A given screening program may have several screening tests available, each with varying degrees of sensitivity and specificity. Considering the consequences of the sensitivity and specificity of a given test on the probability of false positive and false negative results, the final decision on which screening test(s) to use must be made with due contemplation of issues that could arise from false positive and false negative results. Issues with false positive results include: 1) burden on the healthcare system for more costly confirmatory tests; 2) undue anxiety from being informed of a positive screening result while awaiting the confirmatory test results; 3) undue stigma on those screened positive if the screened disease is socially sensitive or stigmatized (Gordis, 2014). Issues with false negative results include: 1) potential missed opportunities for early treatment (particularly important for fatal diseases that are curable only in their early stages); and 2) missed opportunities for controlling the spread of disease if the screened disease is a communicable disease that is highly contagious.

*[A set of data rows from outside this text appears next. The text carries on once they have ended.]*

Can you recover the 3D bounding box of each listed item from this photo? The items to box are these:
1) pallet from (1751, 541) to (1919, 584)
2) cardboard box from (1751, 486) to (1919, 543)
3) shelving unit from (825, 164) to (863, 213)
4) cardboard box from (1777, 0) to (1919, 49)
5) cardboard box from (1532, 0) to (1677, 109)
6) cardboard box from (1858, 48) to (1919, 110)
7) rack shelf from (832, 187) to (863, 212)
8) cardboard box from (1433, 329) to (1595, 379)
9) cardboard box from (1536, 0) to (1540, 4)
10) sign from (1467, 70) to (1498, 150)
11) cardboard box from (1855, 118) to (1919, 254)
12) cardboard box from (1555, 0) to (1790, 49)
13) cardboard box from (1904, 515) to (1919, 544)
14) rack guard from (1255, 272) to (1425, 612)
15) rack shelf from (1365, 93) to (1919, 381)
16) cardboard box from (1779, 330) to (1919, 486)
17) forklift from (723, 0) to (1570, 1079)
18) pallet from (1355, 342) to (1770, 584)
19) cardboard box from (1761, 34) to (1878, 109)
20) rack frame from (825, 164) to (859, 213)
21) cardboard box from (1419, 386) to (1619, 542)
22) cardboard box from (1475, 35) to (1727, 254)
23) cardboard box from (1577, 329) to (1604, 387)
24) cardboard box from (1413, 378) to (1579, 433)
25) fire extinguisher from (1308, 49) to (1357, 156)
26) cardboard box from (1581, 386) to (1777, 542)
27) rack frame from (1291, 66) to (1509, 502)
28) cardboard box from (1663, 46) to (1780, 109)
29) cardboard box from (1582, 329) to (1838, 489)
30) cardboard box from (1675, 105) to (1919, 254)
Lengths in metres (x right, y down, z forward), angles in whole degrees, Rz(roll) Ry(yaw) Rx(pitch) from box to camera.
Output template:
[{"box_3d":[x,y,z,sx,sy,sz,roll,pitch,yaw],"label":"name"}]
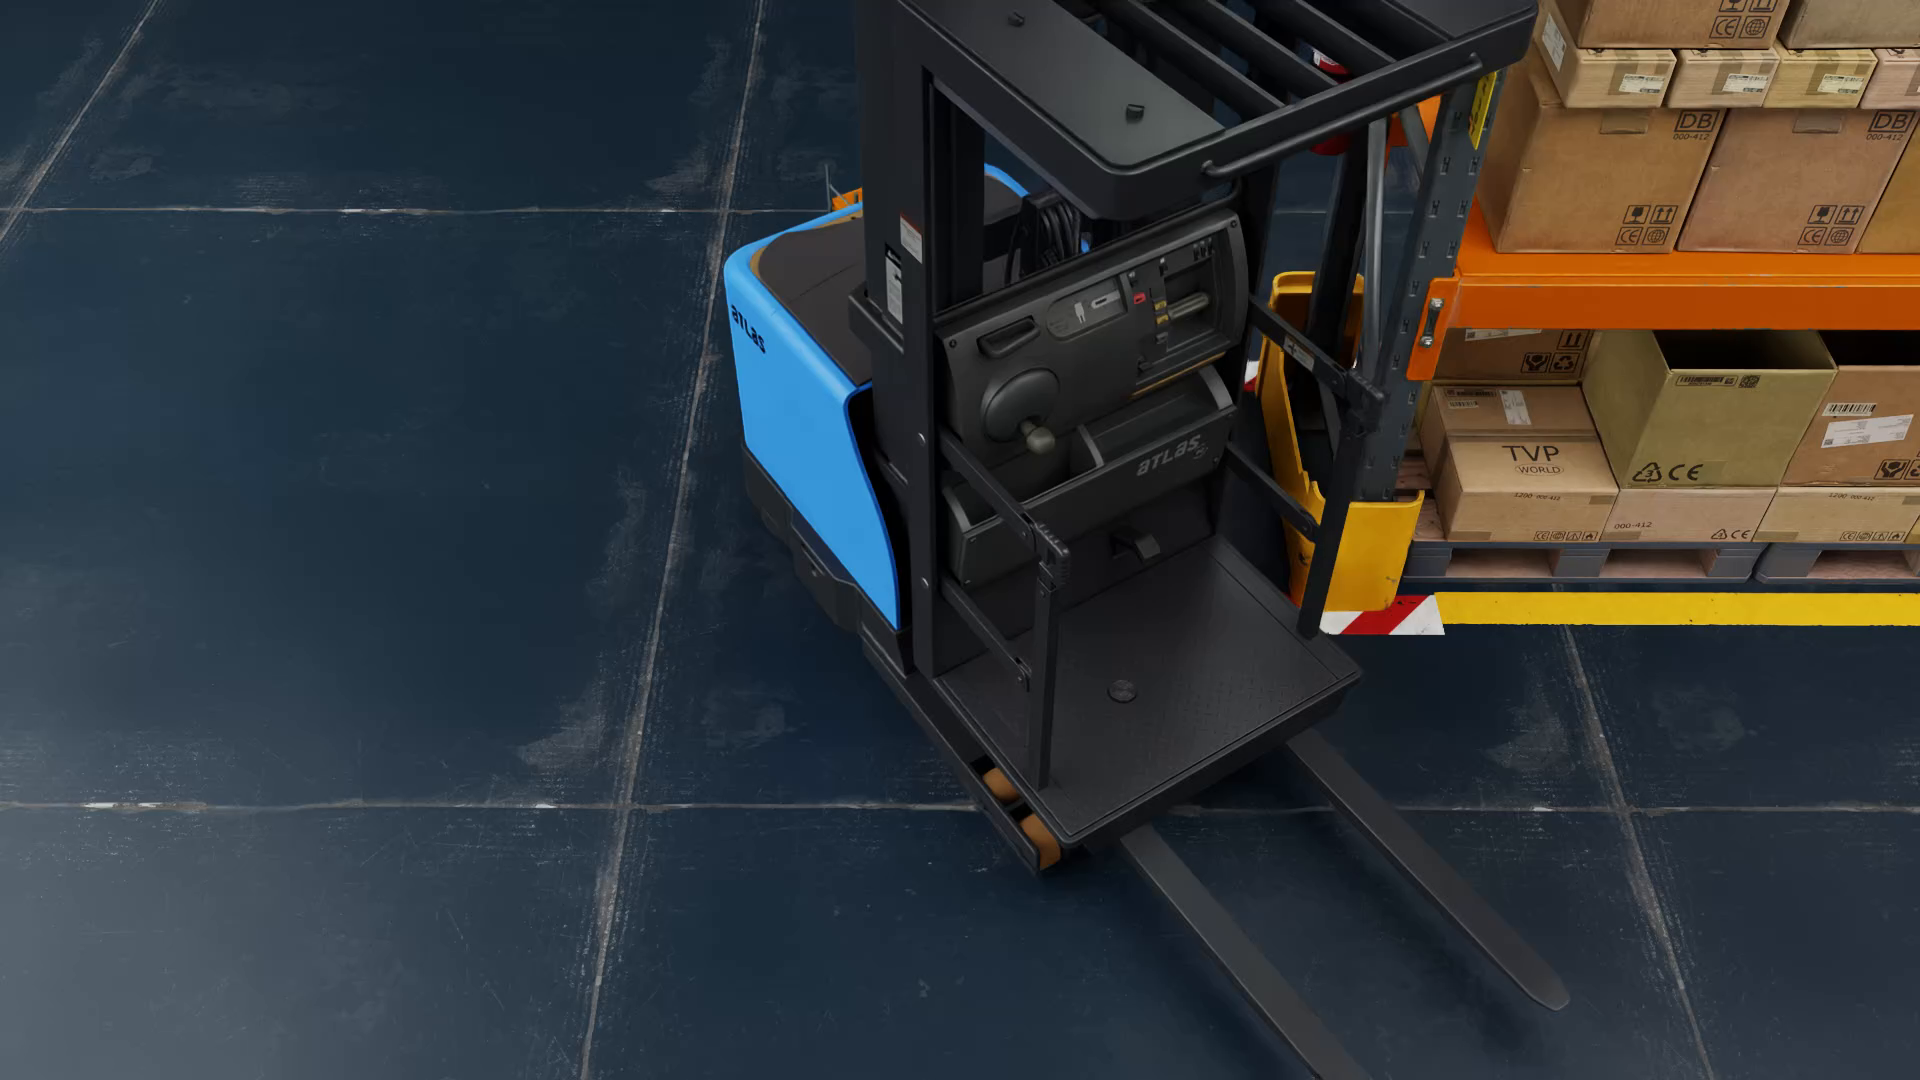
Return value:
[{"box_3d":[3.291,-0.287,5.873,1.213,0.211,1.003,0,47,0],"label":"pallet"},{"box_3d":[2.844,-0.256,5.530,0.500,0.250,0.500,0,47,0],"label":"cardboard box"},{"box_3d":[-0.283,-0.864,5.837,0.252,1.050,0.215,-26,52,-22],"label":"shelving unit"},{"box_3d":[2.354,-1.682,4.312,0.500,0.500,0.700,-1,47,-1],"label":"cardboard box"},{"box_3d":[1.700,-1.310,4.409,0.250,0.149,0.380,0,47,0],"label":"cardboard box"},{"box_3d":[2.466,-1.308,4.407,0.250,0.149,0.380,0,47,0],"label":"cardboard box"},{"box_3d":[-0.283,-1.050,5.637,0.240,0.259,0.215,-26,52,-22],"label":"rack shelf"},{"box_3d":[1.846,-0.892,5.610,0.500,0.500,0.500,0,47,0],"label":"cardboard box"},{"box_3d":[1.692,-1.608,4.686,0.250,0.149,0.380,-1,47,-1],"label":"cardboard box"},{"box_3d":[1.301,-1.130,4.107,0.005,0.325,0.100,0,47,0],"label":"sign"},{"box_3d":[2.797,-1.234,4.781,0.500,0.500,0.700,0,47,0],"label":"cardboard box"},{"box_3d":[1.828,-1.679,4.309,0.500,0.500,0.700,0,47,0],"label":"cardboard box"},{"box_3d":[3.344,-0.251,5.526,0.500,0.250,0.500,0,47,0],"label":"cardboard box"},{"box_3d":[1.285,-0.362,5.746,0.348,0.500,1.175,0,47,0],"label":"rack guard"},{"box_3d":[3.309,-0.964,5.089,4.000,0.370,1.077,0,47,0],"label":"rack shelf"},{"box_3d":[2.844,-0.520,5.264,0.500,0.500,0.500,0,47,0],"label":"cardboard box"},{"box_3d":[0.483,-0.439,4.156,1.130,2.935,3.031,-26,52,-22],"label":"forklift"},{"box_3d":[2.074,-0.293,5.878,1.213,0.211,1.003,0,47,0],"label":"pallet"},{"box_3d":[2.214,-1.310,4.409,0.250,0.149,0.380,0,47,0],"label":"cardboard box"},{"box_3d":[-0.385,-0.815,5.792,0.008,1.050,0.200,-26,52,-22],"label":"rack frame"},{"box_3d":[1.844,-0.256,5.531,0.500,0.250,0.500,0,47,0],"label":"cardboard box"},{"box_3d":[1.776,-1.237,4.784,0.500,0.500,0.700,0,47,0],"label":"cardboard box"},{"box_3d":[2.346,-0.643,5.890,0.500,0.250,0.500,0,47,0],"label":"cardboard box"},{"box_3d":[1.846,-0.635,5.884,0.500,0.250,0.500,0,47,0],"label":"cardboard box"},{"box_3d":[1.192,-1.528,5.176,0.183,0.674,0.296,0,47,0],"label":"fire extinguisher"},{"box_3d":[2.344,-0.257,5.532,0.500,0.250,0.500,0,47,0],"label":"cardboard box"},{"box_3d":[1.309,-1.214,4.831,0.127,3.000,1.000,0,47,0],"label":"rack frame"},{"box_3d":[1.964,-1.312,4.410,0.250,0.149,0.380,-1,47,-1],"label":"cardboard box"},{"box_3d":[2.344,-0.512,5.256,0.500,0.500,0.500,0,47,0],"label":"cardboard box"},{"box_3d":[2.301,-1.240,4.786,0.500,0.500,0.700,1,47,1],"label":"cardboard box"}]

12.4 Screening Test with Continuous Results
Screening tests include continuous measurements for which there are no “positive” or “negative” results at first (Gordis, 2014), such as the use of the two-item Patient Health Questionnaire (PHQ-2) to screen for major depressive disorder. Thus, we must make decisions on the score above or below which a person would be classified as having a “positive” screening result; otherwise, they will be classified as having a “negative” result. This specific score for categorization is known as the “cut-off level”.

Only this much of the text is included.